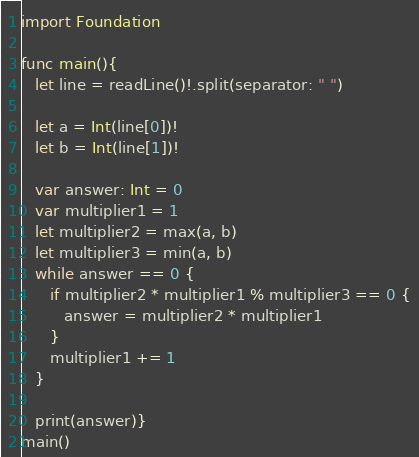<code> <loc_0><loc_0><loc_500><loc_500><_Swift_>
import Foundation

func main(){
   let line = readLine()!.split(separator: " ")
   
   let a = Int(line[0])!
   let b = Int(line[1])!
   
   var answer: Int = 0
   var multiplier1 = 1
   let multiplier2 = max(a, b)
   let multiplier3 = min(a, b)
   while answer == 0 {
      if multiplier2 * multiplier1 % multiplier3 == 0 {
         answer = multiplier2 * multiplier1
      }
      multiplier1 += 1
   }
   
   print(answer)}
main()
</code> 
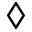<formula> <loc_0><loc_0><loc_500><loc_500>\diamondsuit</formula>

┄┄┄┄┄┄

--- WHAT TO PRODUCE ---
Once you find the line that contains "let multiplier2 = max(a, b)", give it again along with every later line through the end of the data, word for word, minus the pictures.

--- EXPECTED ANSWER ---
   let multiplier2 = max(a, b)
   let multiplier3 = min(a, b)
   while answer == 0 {
      if multiplier2 * multiplier1 % multiplier3 == 0 {
         answer = multiplier2 * multiplier1
      }
      multiplier1 += 1
   }
   
   print(answer)}
main()
</code> 
<formula> <loc_0><loc_0><loc_500><loc_500>\diamondsuit</formula>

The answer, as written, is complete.